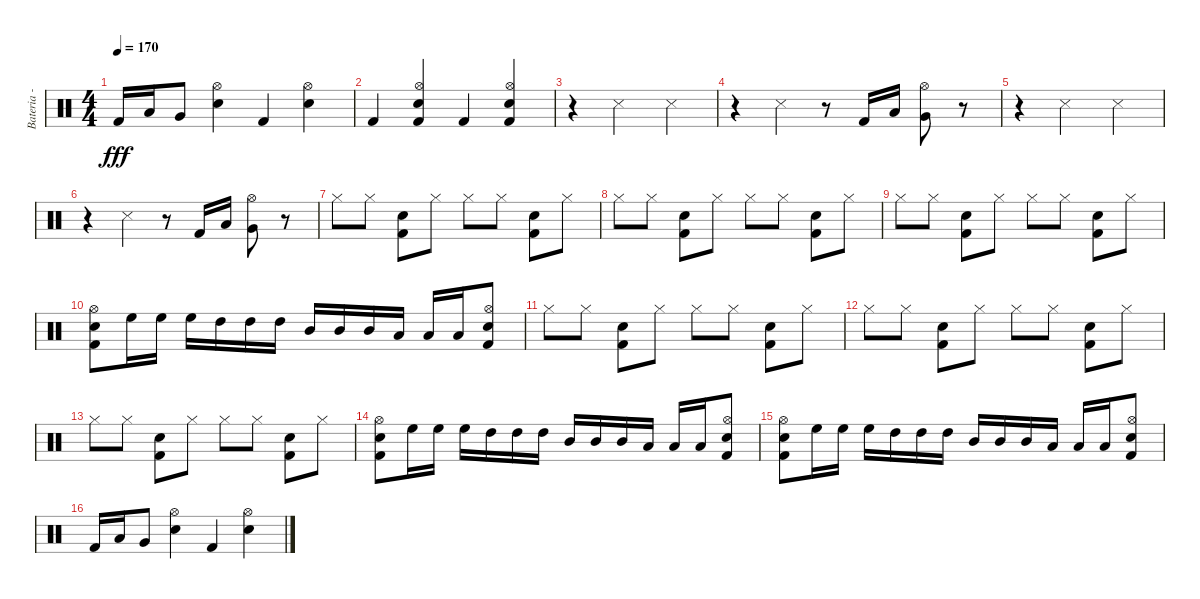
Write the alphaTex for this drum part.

\track ("Bateria - Larzon" "Bateria - ") {instrument percussion}
\staff {score}
\articulation defaults
\ts (4 4)
\tempo 170
\clef neutral
\ks c "Kick (hit) 2".16{dy fff} "Low Floor Tom (hit)".16 "Very Low Tom (hit)".8
("Hi-Hat (open)" "Snare (hit) 2").4 "Kick (hit) 2".4 ("Hi-Hat (open)" "Snare (hit) 2").4 |
"Kick (hit) 2".4 ("Hi-Hat (open)" "Snare (hit) 2" "Kick (hit) 2").4 "Kick (hit) 2".4 ("Hi-Hat (open)" "Snare (hit) 2" "Kick (hit) 2").4 |
r.4 "Snare (side stick) 3".2 "Snare (side stick) 3".4 |
r.4 "Snare (side stick) 3".4 r.8 "Kick (hit) 2".16 "Low Floor Tom (hit)".16 ("Hi-Hat (open)" "Very Low Tom (hit)").8 r.8 |
r.4 "Snare (side stick) 3".2 "Snare (side stick) 3".4 |
r.4 "Snare (side stick) 3".4 r.8 "Kick (hit) 2".16 "Low Floor Tom (hit)".16 ("Hi-Hat (open)" "Very Low Tom (hit)").8 r.8 |
"Hi-Hat (closed)".8 "Hi-Hat (closed)".8 ("Snare (hit) 2" "Kick (hit) 2").8 "Hi-Hat (closed)".8 "Hi-Hat (closed)".8 "Hi-Hat (closed)".8 ("Snare (hit) 2" "Kick (hit) 2").8 "Hi-Hat (closed)".8 |
"Hi-Hat (closed)".8 "Hi-Hat (closed)".8 ("Snare (hit) 2" "Kick (hit) 2").8 "Hi-Hat (closed)".8 "Hi-Hat (closed)".8 "Hi-Hat (closed)".8 ("Snare (hit) 2" "Kick (hit) 2").8 "Hi-Hat (closed)".8 |
"Hi-Hat (closed)".8 "Hi-Hat (closed)".8 ("Snare (hit) 2" "Kick (hit) 2").8 "Hi-Hat (closed)".8 "Hi-Hat (closed)".8 "Hi-Hat (closed)".8 ("Snare (hit) 2" "Kick (hit) 2").8 "Hi-Hat (closed)".8 |
("Hi-Hat (open)" "Snare (hit) 2" "Kick (hit) 2").8 "High Floor Tom (hit)".16 "High Floor Tom (hit)".16 "High Floor Tom (hit)".16 "High Tom (hit)".16 "High Tom (hit)".16 "High Tom (hit)".16 "Mid Tom (hit)".16 "Mid Tom (hit)".16 "Mid Tom (hit)".16 "Low Tom (hit)".16 "Low Tom (hit)".16 "Low Tom (hit)".16 ("Hi-Hat (open)" "Snare (hit) 2" "Kick (hit) 2").8 |
"Hi-Hat (closed)".8 "Hi-Hat (closed)".8 ("Snare (hit) 2" "Kick (hit) 2").8 "Hi-Hat (closed)".8 "Hi-Hat (closed)".8 "Hi-Hat (closed)".8 ("Snare (hit) 2" "Kick (hit) 2").8 "Hi-Hat (closed)".8 |
"Hi-Hat (closed)".8 "Hi-Hat (closed)".8 ("Snare (hit) 2" "Kick (hit) 2").8 "Hi-Hat (closed)".8 "Hi-Hat (closed)".8 "Hi-Hat (closed)".8 ("Snare (hit) 2" "Kick (hit) 2").8 "Hi-Hat (closed)".8 |
"Hi-Hat (closed)".8 "Hi-Hat (closed)".8 ("Snare (hit) 2" "Kick (hit) 2").8 "Hi-Hat (closed)".8 "Hi-Hat (closed)".8 "Hi-Hat (closed)".8 ("Snare (hit) 2" "Kick (hit) 2").8 "Hi-Hat (closed)".8 |
("Hi-Hat (open)" "Snare (hit) 2" "Kick (hit) 2").8 "High Floor Tom (hit)".16 "High Floor Tom (hit)".16 "High Floor Tom (hit)".16 "High Tom (hit)".16 "High Tom (hit)".16 "High Tom (hit)".16 "Mid Tom (hit)".16 "Mid Tom (hit)".16 "Mid Tom (hit)".16 "Low Tom (hit)".16 "Low Tom (hit)".16 "Low Tom (hit)".16 ("Hi-Hat (open)" "Snare (hit) 2" "Kick (hit) 2").8 |
("Hi-Hat (open)" "Snare (hit) 2" "Kick (hit) 2").8 "High Floor Tom (hit)".16 "High Floor Tom (hit)".16 "High Floor Tom (hit)".16 "High Tom (hit)".16 "High Tom (hit)".16 "High Tom (hit)".16 "Mid Tom (hit)".16 "Mid Tom (hit)".16 "Mid Tom (hit)".16 "Low Tom (hit)".16 "Low Tom (hit)".16 "Low Tom (hit)".16 ("Hi-Hat (open)" "Snare (hit) 2" "Kick (hit) 2").8 |
"Kick (hit) 2".16 "Low Floor Tom (hit)".16 "Very Low Tom (hit)".8 ("Hi-Hat (open)" "Snare (hit) 2").4 "Kick (hit) 2".4 ("Hi-Hat (open)" "Snare (hit) 2").4
━━━
# Exercise instructions
What this calls for is a word-for-word copy of the listing above, pictures excluded.

# Task answer
Write the alphaTex for this drum part.

\track ("Bateria - Larzon" "Bateria - ") {instrument percussion}
\staff {score}
\articulation defaults
\ts (4 4)
\tempo 170
\clef neutral
\ks c "Kick (hit) 2".16{dy fff} "Low Floor Tom (hit)".16 "Very Low Tom (hit)".8
("Hi-Hat (open)" "Snare (hit) 2").4 "Kick (hit) 2".4 ("Hi-Hat (open)" "Snare (hit) 2").4 |
"Kick (hit) 2".4 ("Hi-Hat (open)" "Snare (hit) 2" "Kick (hit) 2").4 "Kick (hit) 2".4 ("Hi-Hat (open)" "Snare (hit) 2" "Kick (hit) 2").4 |
r.4 "Snare (side stick) 3".2 "Snare (side stick) 3".4 |
r.4 "Snare (side stick) 3".4 r.8 "Kick (hit) 2".16 "Low Floor Tom (hit)".16 ("Hi-Hat (open)" "Very Low Tom (hit)").8 r.8 |
r.4 "Snare (side stick) 3".2 "Snare (side stick) 3".4 |
r.4 "Snare (side stick) 3".4 r.8 "Kick (hit) 2".16 "Low Floor Tom (hit)".16 ("Hi-Hat (open)" "Very Low Tom (hit)").8 r.8 |
"Hi-Hat (closed)".8 "Hi-Hat (closed)".8 ("Snare (hit) 2" "Kick (hit) 2").8 "Hi-Hat (closed)".8 "Hi-Hat (closed)".8 "Hi-Hat (closed)".8 ("Snare (hit) 2" "Kick (hit) 2").8 "Hi-Hat (closed)".8 |
"Hi-Hat (closed)".8 "Hi-Hat (closed)".8 ("Snare (hit) 2" "Kick (hit) 2").8 "Hi-Hat (closed)".8 "Hi-Hat (closed)".8 "Hi-Hat (closed)".8 ("Snare (hit) 2" "Kick (hit) 2").8 "Hi-Hat (closed)".8 |
"Hi-Hat (closed)".8 "Hi-Hat (closed)".8 ("Snare (hit) 2" "Kick (hit) 2").8 "Hi-Hat (closed)".8 "Hi-Hat (closed)".8 "Hi-Hat (closed)".8 ("Snare (hit) 2" "Kick (hit) 2").8 "Hi-Hat (closed)".8 |
("Hi-Hat (open)" "Snare (hit) 2" "Kick (hit) 2").8 "High Floor Tom (hit)".16 "High Floor Tom (hit)".16 "High Floor Tom (hit)".16 "High Tom (hit)".16 "High Tom (hit)".16 "High Tom (hit)".16 "Mid Tom (hit)".16 "Mid Tom (hit)".16 "Mid Tom (hit)".16 "Low Tom (hit)".16 "Low Tom (hit)".16 "Low Tom (hit)".16 ("Hi-Hat (open)" "Snare (hit) 2" "Kick (hit) 2").8 |
"Hi-Hat (closed)".8 "Hi-Hat (closed)".8 ("Snare (hit) 2" "Kick (hit) 2").8 "Hi-Hat (closed)".8 "Hi-Hat (closed)".8 "Hi-Hat (closed)".8 ("Snare (hit) 2" "Kick (hit) 2").8 "Hi-Hat (closed)".8 |
"Hi-Hat (closed)".8 "Hi-Hat (closed)".8 ("Snare (hit) 2" "Kick (hit) 2").8 "Hi-Hat (closed)".8 "Hi-Hat (closed)".8 "Hi-Hat (closed)".8 ("Snare (hit) 2" "Kick (hit) 2").8 "Hi-Hat (closed)".8 |
"Hi-Hat (closed)".8 "Hi-Hat (closed)".8 ("Snare (hit) 2" "Kick (hit) 2").8 "Hi-Hat (closed)".8 "Hi-Hat (closed)".8 "Hi-Hat (closed)".8 ("Snare (hit) 2" "Kick (hit) 2").8 "Hi-Hat (closed)".8 |
("Hi-Hat (open)" "Snare (hit) 2" "Kick (hit) 2").8 "High Floor Tom (hit)".16 "High Floor Tom (hit)".16 "High Floor Tom (hit)".16 "High Tom (hit)".16 "High Tom (hit)".16 "High Tom (hit)".16 "Mid Tom (hit)".16 "Mid Tom (hit)".16 "Mid Tom (hit)".16 "Low Tom (hit)".16 "Low Tom (hit)".16 "Low Tom (hit)".16 ("Hi-Hat (open)" "Snare (hit) 2" "Kick (hit) 2").8 |
("Hi-Hat (open)" "Snare (hit) 2" "Kick (hit) 2").8 "High Floor Tom (hit)".16 "High Floor Tom (hit)".16 "High Floor Tom (hit)".16 "High Tom (hit)".16 "High Tom (hit)".16 "High Tom (hit)".16 "Mid Tom (hit)".16 "Mid Tom (hit)".16 "Mid Tom (hit)".16 "Low Tom (hit)".16 "Low Tom (hit)".16 "Low Tom (hit)".16 ("Hi-Hat (open)" "Snare (hit) 2" "Kick (hit) 2").8 |
"Kick (hit) 2".16 "Low Floor Tom (hit)".16 "Very Low Tom (hit)".8 ("Hi-Hat (open)" "Snare (hit) 2").4 "Kick (hit) 2".4 ("Hi-Hat (open)" "Snare (hit) 2").4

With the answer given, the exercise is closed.